Background: Stress fractures represent a fatigue failure of bone, occurring with a spectrum of severity of structural injury, and healing potential varies by location. There is no comprehensive classification system for stress fractures incorporating both clinical and radiographic characteristics of the injury that is applicable to all bones. We introduce a system that is reproducible, generalizable, easy to use, and clinically relevant, with three descriptors: fracture grade, fracture location, and imaging modality.
Methods: After a review of current classification systems, a five-tier system was proposed to determine fracture grade: Grade I indicated asymptomatic stress reaction on imaging, Grade II indicated pain with no fracture line, Grade III indicated non-displaced fracture, Grade IV indicated displaced fracture, and Grade V indicated nonunion. Example cases of each grade with clinical vignettes and images were prepared to test the interobserver and intraobserver reliability of the system by the test and retest evaluation among fifteen clinicians. A questionnaire and recall test assessed the ease of use, clinical applicability, and recall accuracy.

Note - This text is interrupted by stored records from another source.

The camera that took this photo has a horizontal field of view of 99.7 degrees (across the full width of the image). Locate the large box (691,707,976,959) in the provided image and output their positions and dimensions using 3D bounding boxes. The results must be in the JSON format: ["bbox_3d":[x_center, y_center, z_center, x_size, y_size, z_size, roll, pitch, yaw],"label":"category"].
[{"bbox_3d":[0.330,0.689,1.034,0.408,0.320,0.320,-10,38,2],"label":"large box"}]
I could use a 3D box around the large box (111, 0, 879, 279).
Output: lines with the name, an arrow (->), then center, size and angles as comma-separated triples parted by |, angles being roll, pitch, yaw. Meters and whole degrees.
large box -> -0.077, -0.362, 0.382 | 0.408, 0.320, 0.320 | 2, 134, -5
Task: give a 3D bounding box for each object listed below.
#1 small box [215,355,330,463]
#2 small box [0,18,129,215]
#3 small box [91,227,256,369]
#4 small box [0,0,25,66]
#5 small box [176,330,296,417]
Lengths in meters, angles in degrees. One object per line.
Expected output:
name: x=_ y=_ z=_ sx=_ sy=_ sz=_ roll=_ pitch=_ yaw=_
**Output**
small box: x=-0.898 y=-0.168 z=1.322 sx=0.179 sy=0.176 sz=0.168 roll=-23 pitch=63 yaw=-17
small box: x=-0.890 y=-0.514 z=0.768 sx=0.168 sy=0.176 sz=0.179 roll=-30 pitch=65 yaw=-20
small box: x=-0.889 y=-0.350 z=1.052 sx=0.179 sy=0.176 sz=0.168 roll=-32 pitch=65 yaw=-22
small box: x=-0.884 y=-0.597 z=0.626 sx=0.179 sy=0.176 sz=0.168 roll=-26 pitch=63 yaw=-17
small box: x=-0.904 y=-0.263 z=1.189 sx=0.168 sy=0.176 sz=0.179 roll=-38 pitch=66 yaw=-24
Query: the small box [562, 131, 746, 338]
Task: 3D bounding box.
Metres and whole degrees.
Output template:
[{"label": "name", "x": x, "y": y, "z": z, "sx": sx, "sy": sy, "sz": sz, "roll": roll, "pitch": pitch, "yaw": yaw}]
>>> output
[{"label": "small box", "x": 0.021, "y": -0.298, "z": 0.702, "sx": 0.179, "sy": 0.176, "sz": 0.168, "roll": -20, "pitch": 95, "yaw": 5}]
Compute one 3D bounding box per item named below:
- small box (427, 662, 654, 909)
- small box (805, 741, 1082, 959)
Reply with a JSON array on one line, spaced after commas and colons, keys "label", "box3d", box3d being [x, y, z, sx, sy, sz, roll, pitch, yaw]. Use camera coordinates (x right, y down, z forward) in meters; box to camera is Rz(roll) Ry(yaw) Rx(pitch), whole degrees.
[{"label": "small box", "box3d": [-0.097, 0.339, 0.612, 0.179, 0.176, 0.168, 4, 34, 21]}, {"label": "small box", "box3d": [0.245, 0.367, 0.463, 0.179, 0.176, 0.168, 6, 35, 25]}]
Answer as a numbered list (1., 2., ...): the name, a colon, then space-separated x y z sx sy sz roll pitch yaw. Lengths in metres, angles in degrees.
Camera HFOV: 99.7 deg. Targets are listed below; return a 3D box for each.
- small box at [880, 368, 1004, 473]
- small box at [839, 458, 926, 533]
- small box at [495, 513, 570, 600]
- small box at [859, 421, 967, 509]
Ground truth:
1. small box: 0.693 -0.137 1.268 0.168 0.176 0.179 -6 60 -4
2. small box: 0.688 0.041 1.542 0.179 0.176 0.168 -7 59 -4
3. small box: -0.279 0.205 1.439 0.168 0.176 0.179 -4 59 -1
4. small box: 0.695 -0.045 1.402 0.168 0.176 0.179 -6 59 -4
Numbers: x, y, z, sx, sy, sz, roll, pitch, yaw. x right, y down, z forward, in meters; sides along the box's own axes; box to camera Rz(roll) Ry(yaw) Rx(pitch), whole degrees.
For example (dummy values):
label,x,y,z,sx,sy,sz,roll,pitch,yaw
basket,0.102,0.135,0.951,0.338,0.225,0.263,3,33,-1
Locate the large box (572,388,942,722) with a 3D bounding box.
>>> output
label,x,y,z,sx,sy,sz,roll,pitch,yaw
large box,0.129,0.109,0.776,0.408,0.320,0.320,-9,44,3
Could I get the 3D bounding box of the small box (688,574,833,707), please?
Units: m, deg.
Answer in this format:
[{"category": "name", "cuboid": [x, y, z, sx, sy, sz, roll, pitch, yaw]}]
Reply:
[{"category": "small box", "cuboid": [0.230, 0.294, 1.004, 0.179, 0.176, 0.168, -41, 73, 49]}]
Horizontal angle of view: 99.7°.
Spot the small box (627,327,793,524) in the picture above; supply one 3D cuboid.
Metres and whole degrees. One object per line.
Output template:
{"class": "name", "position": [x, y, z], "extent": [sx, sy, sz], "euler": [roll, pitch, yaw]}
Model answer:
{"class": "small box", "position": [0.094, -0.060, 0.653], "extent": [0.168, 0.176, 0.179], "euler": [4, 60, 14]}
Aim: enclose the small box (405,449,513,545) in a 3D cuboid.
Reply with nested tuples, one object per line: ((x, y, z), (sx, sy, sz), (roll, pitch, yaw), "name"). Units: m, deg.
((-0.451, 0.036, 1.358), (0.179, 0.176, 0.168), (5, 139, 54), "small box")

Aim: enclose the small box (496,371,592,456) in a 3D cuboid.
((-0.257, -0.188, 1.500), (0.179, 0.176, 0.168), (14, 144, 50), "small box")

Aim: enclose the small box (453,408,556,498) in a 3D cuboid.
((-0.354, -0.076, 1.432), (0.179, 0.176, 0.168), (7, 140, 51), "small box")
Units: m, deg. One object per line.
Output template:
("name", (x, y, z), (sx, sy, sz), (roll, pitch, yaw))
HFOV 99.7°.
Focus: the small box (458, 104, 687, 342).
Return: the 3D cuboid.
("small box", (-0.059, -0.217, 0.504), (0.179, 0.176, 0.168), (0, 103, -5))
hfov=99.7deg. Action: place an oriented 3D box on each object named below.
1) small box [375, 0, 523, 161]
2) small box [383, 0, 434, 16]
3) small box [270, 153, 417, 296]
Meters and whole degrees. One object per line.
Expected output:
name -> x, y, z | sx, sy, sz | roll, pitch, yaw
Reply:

Results: Test and retest analysis showed that the system had almost perfect agreement in intraobserver reliability with a kappa value of 0.81. The overall intraobserver reliability showed almost perfect agreement with a kappa value of 0.81. Almost perfect agreement with a kappa value of 0.83 was also produced when these responses were compared with our assessment. The overall interobserver reliability had substantial agreement with a kappa value of 0.78. The reliability of the group compared with that of the answer key was almost perfect with a kappa value of 0.83. The recall test showed an overall accuracy of 97.3%. Of the fifteen evaluators who completed questionnaires, fourteen (93.3%) said that the system would be easily remembered, would facilitate communication among colleagues, and would be useful in clinical practice.
Conclusions: The proposed stress fracture classification system is clinically relevant, easily applied, and generalizable, and has excellent interobserver and intraobserver reliability.